Look below for the line containing "subtitle Artikel 4 [187, 1511, 1053, 1542]"; from there, print each line exactly up to and including the line containing "text Het aanleveren", and stop.

• _GIVEN RECORDS_
###

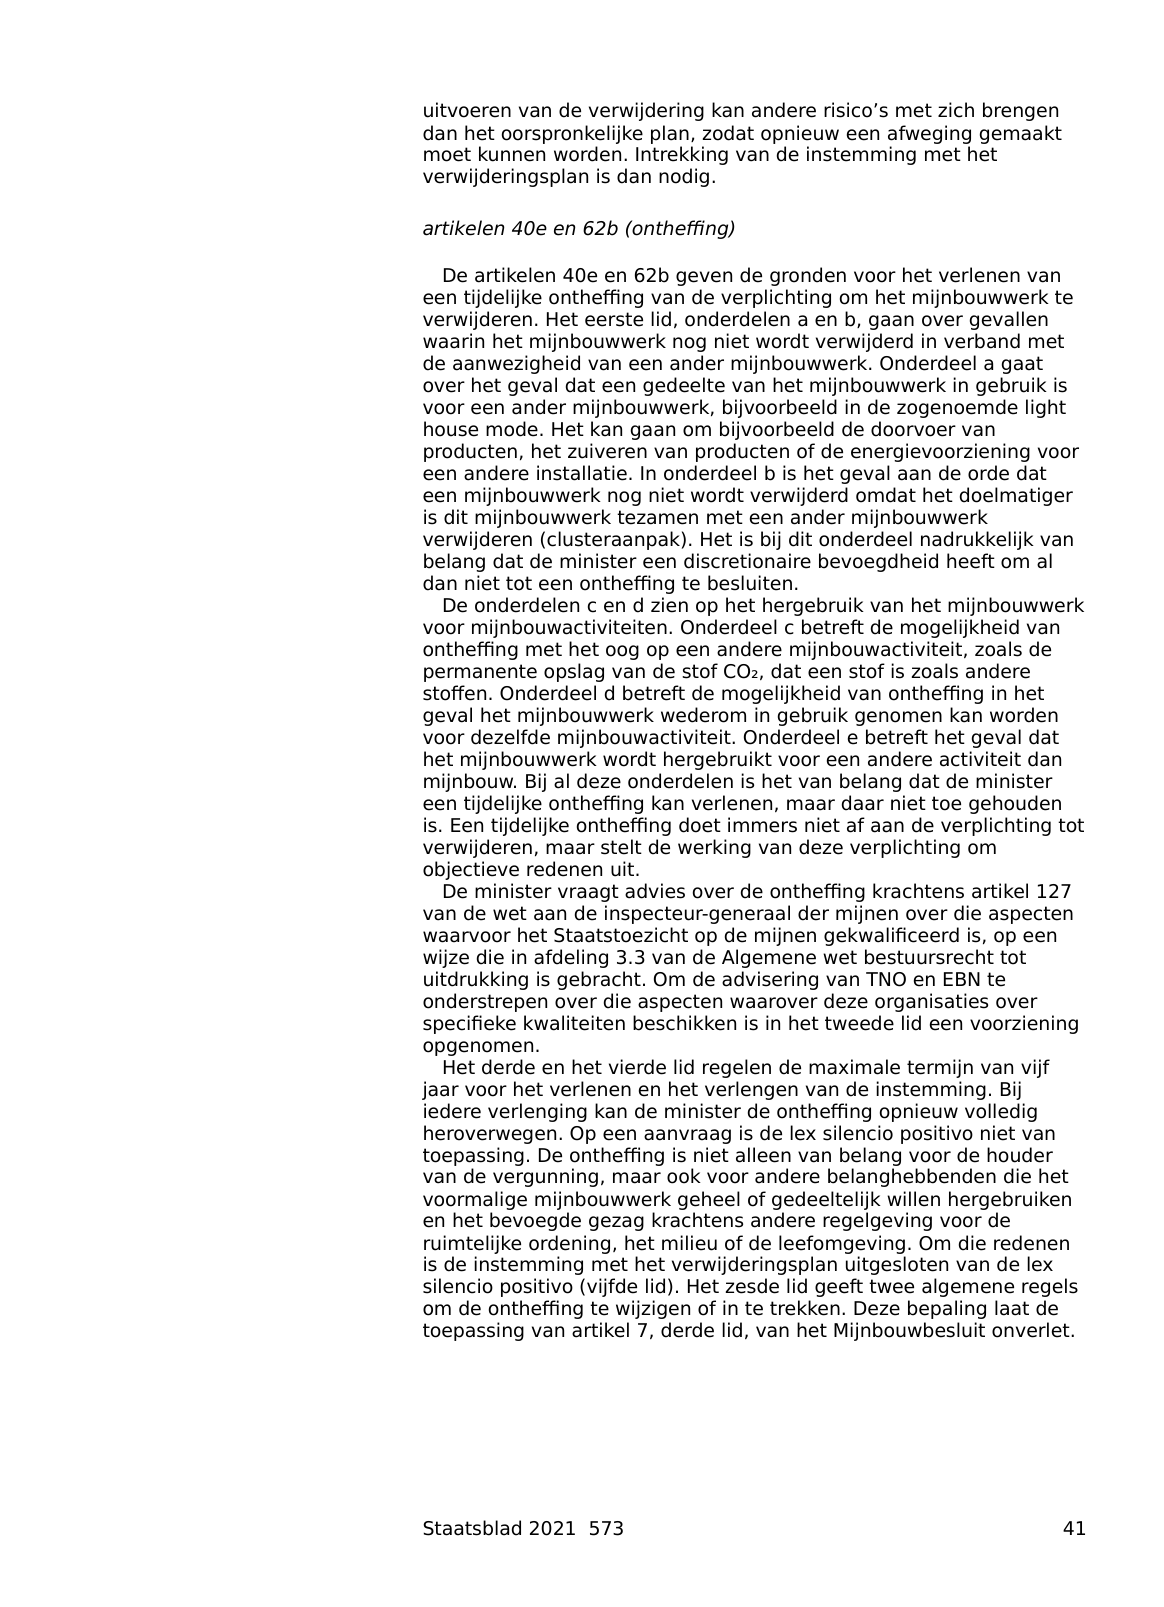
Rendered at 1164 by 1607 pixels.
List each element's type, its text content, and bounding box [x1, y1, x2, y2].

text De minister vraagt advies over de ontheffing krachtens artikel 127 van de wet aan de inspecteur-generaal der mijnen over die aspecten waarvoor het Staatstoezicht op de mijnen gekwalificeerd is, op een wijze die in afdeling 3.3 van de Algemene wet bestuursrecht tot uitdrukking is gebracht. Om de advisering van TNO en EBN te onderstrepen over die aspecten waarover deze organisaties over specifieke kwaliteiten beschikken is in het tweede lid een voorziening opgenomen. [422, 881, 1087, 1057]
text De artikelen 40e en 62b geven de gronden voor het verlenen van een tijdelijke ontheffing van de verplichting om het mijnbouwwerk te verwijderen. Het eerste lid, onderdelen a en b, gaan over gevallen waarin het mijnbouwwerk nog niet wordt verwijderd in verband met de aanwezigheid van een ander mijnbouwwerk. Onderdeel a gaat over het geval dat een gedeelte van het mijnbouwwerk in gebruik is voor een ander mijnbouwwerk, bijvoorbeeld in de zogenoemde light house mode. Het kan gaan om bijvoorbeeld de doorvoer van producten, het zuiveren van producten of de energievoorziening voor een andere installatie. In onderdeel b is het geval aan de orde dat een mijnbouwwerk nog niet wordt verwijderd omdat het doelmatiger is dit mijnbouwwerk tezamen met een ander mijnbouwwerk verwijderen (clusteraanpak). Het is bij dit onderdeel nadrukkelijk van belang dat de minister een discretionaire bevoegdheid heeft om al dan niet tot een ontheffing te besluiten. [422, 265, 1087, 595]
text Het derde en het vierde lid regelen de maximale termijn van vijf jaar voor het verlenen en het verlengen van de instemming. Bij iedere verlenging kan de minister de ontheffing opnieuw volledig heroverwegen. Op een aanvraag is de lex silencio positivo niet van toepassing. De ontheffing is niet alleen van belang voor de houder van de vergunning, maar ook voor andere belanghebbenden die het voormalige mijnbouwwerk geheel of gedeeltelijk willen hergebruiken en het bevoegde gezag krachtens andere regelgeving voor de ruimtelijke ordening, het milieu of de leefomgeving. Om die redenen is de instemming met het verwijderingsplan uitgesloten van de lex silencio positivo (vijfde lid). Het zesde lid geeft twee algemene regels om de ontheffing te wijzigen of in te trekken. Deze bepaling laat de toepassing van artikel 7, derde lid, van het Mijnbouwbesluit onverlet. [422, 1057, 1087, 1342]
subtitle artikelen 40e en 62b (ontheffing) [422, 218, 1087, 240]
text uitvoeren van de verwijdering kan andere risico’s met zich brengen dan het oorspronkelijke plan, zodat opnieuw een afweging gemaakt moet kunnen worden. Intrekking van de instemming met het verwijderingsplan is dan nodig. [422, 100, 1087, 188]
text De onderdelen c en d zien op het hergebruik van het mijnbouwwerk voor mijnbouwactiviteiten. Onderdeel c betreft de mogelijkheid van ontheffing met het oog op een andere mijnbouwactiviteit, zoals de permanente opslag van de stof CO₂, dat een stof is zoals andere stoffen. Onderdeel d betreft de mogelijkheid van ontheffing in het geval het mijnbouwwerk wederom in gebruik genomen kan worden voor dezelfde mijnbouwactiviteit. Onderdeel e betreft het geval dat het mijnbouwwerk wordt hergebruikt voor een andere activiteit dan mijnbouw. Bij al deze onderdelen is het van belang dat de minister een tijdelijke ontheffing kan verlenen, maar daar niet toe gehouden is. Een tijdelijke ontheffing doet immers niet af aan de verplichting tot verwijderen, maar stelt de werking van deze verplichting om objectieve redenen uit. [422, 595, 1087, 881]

###

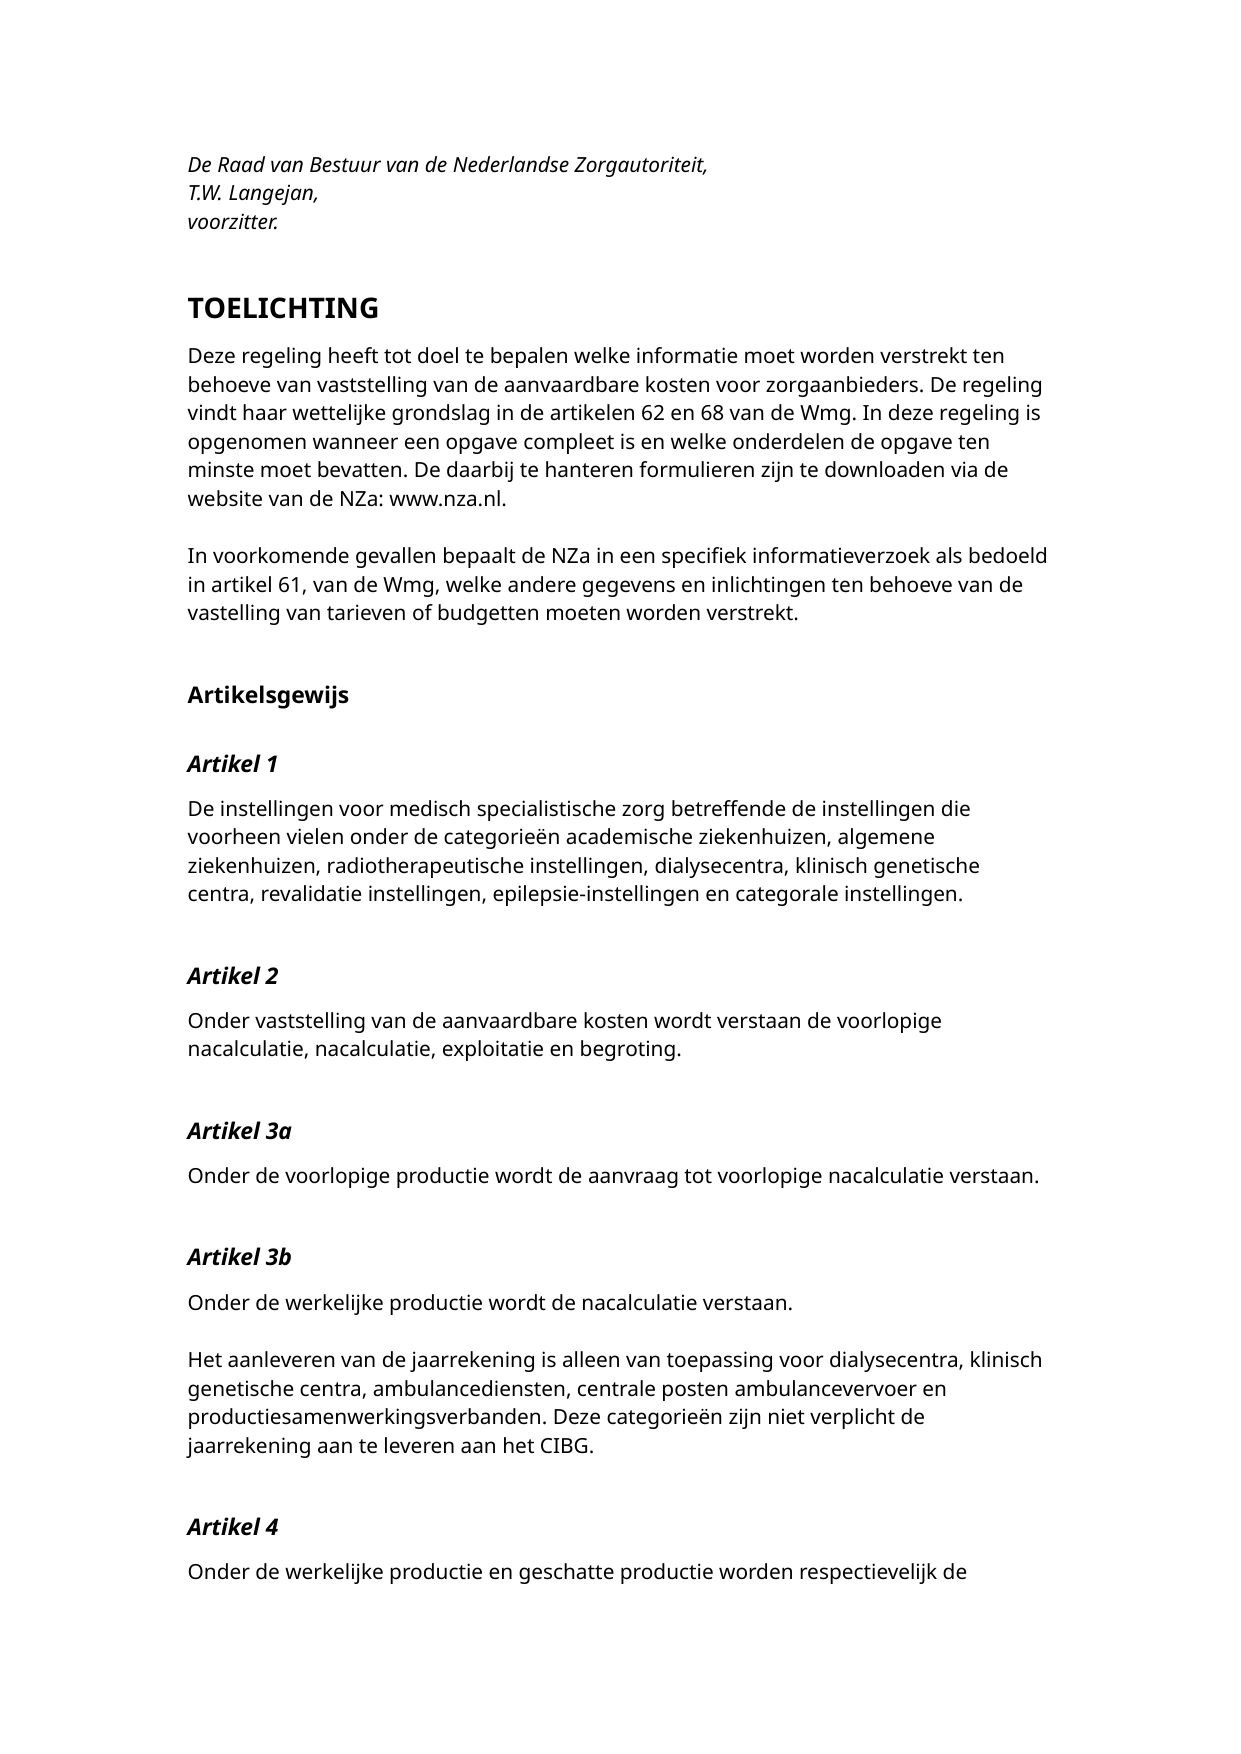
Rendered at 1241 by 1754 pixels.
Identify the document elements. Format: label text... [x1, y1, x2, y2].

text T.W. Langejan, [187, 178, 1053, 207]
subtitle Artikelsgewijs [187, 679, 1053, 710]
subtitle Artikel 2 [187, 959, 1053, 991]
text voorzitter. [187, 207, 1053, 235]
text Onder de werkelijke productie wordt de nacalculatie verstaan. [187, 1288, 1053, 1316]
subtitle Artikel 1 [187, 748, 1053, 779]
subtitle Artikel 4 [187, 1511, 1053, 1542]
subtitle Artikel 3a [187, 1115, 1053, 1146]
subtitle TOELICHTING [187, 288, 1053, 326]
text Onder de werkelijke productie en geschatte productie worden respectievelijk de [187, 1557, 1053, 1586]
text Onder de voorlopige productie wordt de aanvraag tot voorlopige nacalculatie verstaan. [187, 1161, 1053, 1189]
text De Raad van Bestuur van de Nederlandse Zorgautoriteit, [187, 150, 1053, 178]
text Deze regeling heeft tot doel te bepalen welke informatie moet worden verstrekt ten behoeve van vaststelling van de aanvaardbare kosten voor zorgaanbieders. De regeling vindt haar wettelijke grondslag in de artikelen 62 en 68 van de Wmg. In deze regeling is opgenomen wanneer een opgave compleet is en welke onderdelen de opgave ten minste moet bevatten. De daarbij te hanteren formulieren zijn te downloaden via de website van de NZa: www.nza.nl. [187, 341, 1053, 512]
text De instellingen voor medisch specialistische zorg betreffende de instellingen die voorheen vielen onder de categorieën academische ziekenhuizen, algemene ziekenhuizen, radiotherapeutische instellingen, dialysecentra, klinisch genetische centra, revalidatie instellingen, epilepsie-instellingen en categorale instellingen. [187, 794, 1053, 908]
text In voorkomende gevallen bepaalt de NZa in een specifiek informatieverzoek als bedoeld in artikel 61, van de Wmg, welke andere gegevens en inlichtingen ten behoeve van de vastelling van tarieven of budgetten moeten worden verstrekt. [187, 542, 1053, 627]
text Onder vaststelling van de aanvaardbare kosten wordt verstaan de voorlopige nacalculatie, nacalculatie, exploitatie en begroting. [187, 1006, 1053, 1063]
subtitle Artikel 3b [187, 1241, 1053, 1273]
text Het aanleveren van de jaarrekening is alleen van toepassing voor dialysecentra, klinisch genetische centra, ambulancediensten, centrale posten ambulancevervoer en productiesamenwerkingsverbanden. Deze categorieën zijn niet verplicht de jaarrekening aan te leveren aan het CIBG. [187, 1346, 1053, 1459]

###

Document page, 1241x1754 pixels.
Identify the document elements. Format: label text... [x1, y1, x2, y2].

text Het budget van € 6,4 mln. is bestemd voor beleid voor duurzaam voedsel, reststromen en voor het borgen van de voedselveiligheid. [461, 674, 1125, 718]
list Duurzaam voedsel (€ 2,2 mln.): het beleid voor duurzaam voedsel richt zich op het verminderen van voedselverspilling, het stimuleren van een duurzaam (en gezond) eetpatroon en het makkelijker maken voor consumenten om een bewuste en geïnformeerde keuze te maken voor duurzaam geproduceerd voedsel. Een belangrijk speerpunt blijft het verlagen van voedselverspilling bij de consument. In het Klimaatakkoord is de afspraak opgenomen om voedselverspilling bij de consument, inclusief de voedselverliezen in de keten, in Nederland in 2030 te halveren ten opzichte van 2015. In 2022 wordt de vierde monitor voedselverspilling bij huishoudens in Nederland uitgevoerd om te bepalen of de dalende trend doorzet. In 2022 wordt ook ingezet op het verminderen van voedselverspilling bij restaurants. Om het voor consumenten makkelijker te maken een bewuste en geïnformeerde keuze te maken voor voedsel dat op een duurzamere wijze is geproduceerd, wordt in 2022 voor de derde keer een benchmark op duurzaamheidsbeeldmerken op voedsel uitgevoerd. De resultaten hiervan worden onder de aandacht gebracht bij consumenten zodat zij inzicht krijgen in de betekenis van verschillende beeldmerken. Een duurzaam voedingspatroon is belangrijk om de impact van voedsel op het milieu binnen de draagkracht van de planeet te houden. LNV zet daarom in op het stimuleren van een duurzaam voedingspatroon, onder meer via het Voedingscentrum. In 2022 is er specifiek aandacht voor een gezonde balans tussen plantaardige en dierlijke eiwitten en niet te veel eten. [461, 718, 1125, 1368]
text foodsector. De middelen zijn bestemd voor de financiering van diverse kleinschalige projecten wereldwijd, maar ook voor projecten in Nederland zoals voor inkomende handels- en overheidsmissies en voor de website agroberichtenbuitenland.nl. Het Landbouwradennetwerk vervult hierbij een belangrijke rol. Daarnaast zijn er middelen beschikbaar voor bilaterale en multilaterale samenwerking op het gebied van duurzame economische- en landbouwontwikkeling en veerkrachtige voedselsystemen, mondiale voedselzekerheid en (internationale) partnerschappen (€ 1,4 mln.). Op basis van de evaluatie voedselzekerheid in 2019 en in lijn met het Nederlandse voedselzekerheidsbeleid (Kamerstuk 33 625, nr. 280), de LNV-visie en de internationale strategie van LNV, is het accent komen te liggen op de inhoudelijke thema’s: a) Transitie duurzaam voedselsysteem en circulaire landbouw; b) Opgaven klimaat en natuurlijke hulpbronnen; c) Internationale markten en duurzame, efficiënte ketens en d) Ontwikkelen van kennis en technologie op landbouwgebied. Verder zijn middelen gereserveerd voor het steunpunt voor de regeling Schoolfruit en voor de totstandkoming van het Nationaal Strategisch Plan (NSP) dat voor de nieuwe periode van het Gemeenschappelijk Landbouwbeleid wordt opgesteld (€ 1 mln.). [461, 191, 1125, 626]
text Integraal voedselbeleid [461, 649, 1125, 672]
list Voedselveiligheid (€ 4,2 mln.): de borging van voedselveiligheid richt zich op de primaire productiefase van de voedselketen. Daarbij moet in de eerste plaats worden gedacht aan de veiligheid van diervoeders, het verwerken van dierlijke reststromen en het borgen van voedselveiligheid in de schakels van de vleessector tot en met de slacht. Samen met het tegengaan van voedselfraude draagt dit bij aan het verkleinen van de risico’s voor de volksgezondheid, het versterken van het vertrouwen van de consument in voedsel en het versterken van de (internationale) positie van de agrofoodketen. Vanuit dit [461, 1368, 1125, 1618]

###

• _YOUR SOLUTION_
subtitle Artikel 4 [187, 1511, 1053, 1542]
subtitle Artikel 3a [187, 1115, 1053, 1146]
subtitle TOELICHTING [187, 288, 1053, 326]
text Onder de werkelijke productie en geschatte productie worden respectievelijk de [187, 1557, 1053, 1586]
text Onder de voorlopige productie wordt de aanvraag tot voorlopige nacalculatie verstaan. [187, 1161, 1053, 1189]
text De Raad van Bestuur van de Nederlandse Zorgautoriteit, [187, 150, 1053, 178]
text Deze regeling heeft tot doel te bepalen welke informatie moet worden verstrekt ten behoeve van vaststelling van de aanvaardbare kosten voor zorgaanbieders. De regeling vindt haar wettelijke grondslag in de artikelen 62 en 68 van de Wmg. In deze regeling is opgenomen wanneer een opgave compleet is en welke onderdelen de opgave ten minste moet bevatten. De daarbij te hanteren formulieren zijn te downloaden via de website van de NZa: www.nza.nl. [187, 341, 1053, 512]
text De instellingen voor medisch specialistische zorg betreffende de instellingen die voorheen vielen onder de categorieën academische ziekenhuizen, algemene ziekenhuizen, radiotherapeutische instellingen, dialysecentra, klinisch genetische centra, revalidatie instellingen, epilepsie-instellingen en categorale instellingen. [187, 794, 1053, 908]
text In voorkomende gevallen bepaalt de NZa in een specifiek informatieverzoek als bedoeld in artikel 61, van de Wmg, welke andere gegevens en inlichtingen ten behoeve van de vastelling van tarieven of budgetten moeten worden verstrekt. [187, 542, 1053, 627]
text Onder vaststelling van de aanvaardbare kosten wordt verstaan de voorlopige nacalculatie, nacalculatie, exploitatie en begroting. [187, 1006, 1053, 1063]
subtitle Artikel 3b [187, 1241, 1053, 1273]
text Het aanleveren van de jaarrekening is alleen van toepassing voor dialysecentra, klinisch genetische centra, ambulancediensten, centrale posten ambulancevervoer en productiesamenwerkingsverbanden. Deze categorieën zijn niet verplicht de jaarrekening aan te leveren aan het CIBG. [187, 1346, 1053, 1459]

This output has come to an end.